The Associated PressWASHINGTON -- FBI Director Robert Mueller said Wednesday there may have been more missed clues before the Sept. 11 terrorist attacks, and he suggested for the first time that investigators might have uncovered the plot if they had been more diligent about pursuing leads...

Ted Bridis

The Associated PressWASHINGTON -- FBI Director Robert Mueller said Wednesday there may have been more missed clues before the Sept. 11 terrorist attacks, and he suggested for the first time that investigators might have uncovered the plot if they had been more diligent about pursuing leads.

"The jury is still out on all of it," Mueller said, during a wide-ranging, two-hour presentation at FBI headquarters. "Looking at it right now, I can't say for sure it would not have, that there wasn't a possibility that we could have come across some lead that would have led us to the hijackers."

Mueller's remarks came after his announcement of a broad reorganization of the nation's premier law enforcement agency -- changes at least partly in response to criticism of the FBI after the attacks. The director is moving hundreds of agents, mostly from drug investigations, to focus on terrorism and prevent future attacks.

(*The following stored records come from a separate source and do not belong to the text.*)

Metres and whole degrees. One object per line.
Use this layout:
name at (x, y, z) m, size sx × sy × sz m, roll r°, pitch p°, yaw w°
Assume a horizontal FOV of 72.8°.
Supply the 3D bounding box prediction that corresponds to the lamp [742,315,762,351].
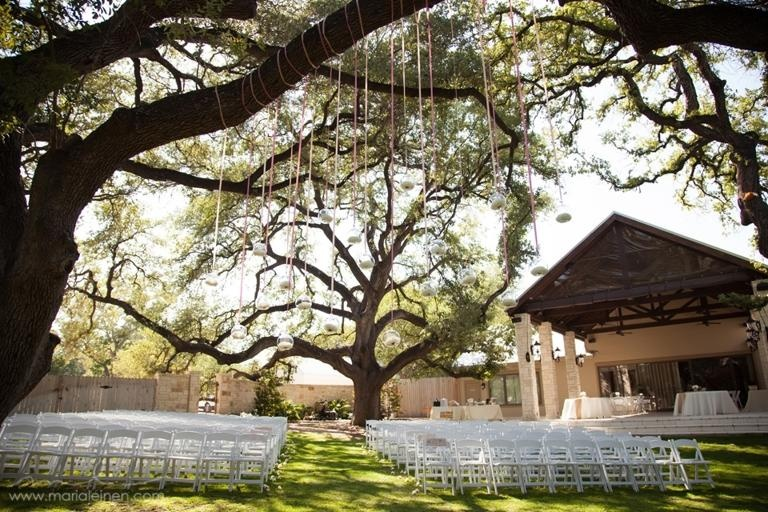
lamp at (10.388, 2.056, 14.632) m, size 0.365 × 1.026 × 1.585 m, roll -12°, pitch -25°, yaw 32°

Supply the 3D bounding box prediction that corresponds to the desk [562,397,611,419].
desk at (6.203, 4.643, 16.026) m, size 1.376 × 0.712 × 1.006 m, roll -9°, pitch -23°, yaw 26°

The FBI's new marching orders will focus on terrorists, spies and hackers, in that order.

Mueller's statement on clues represented the first time any senior official in the Bush administration has allowed that counterterrorism investigators might have detected and averted the Sept. 11 hijackings if they had recognized what they were collecting. That question is the focus of a congressional inquiry, and is almost certain to come up next week during Judiciary Committee hearings on the FBI's reorganization plans.

"Putting all the pieces together, who is to say?" Mueller said, though he also noted that those pieces amounted to "snippets in a veritable river of information."

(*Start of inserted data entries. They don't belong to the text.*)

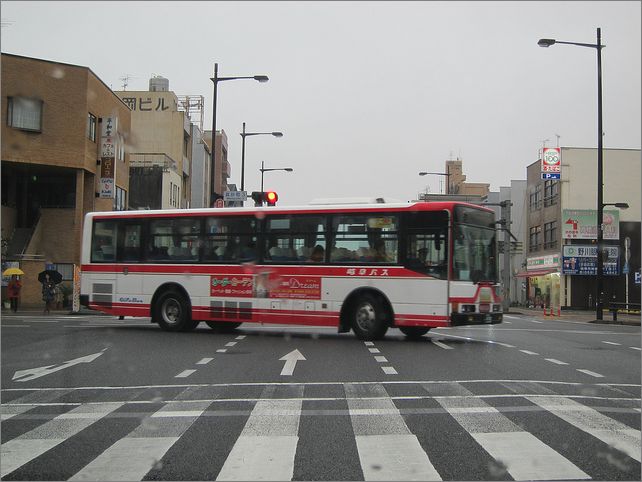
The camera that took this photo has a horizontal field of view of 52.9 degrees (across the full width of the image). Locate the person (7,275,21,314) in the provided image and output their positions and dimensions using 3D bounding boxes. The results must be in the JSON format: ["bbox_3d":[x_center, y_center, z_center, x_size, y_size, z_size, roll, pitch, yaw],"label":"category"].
[{"bbox_3d":[-14.137,2.392,29.704,0.473,1.664,2.899,1,-2,-26],"label":"person"}]

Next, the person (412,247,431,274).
[{"bbox_3d":[2.435,0.459,15.850,0.471,1.044,0.519,1,-2,-4],"label":"person"}]

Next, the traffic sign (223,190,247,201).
[{"bbox_3d":[-3.526,-1.875,26.438,1.016,0.393,0.708,0,-2,6],"label":"traffic sign"}]

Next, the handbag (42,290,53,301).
[{"bbox_3d":[-12.102,2.419,28.813,0.462,0.563,0.371,-5,-9,45],"label":"handbag"}]

Attorney General John Ashcroft said the time had come to change the "structure, culture and mission" of the agency.

President Bush has bristled over suggestions that the government knew enough to avert the attacks. "Had I known that the enemy was going to use airplanes to kill on that fateful morning, I would have done everything in my power to protect the American people," Bush said earlier this month.

Rep. James Sensenbrenner, R-Wis., chairman of the House Judiciary Committee, praised the reorganization plan, saying it could "substantially improve the FBI's ability to investigate and prevent terrorism."

The FBI disclosed two other clues Wednesday that it said might be relevant to the investigation into the September hijackings. A Middle Eastern country where U.S. shipments are restricted sought unsuccessfully before Sept. 11 to buy a commercial flight simulator, and an FBI pilot in 1998 expressed concerns to a supervisor in Oklahoma City about a number of Arab men seeking flight training.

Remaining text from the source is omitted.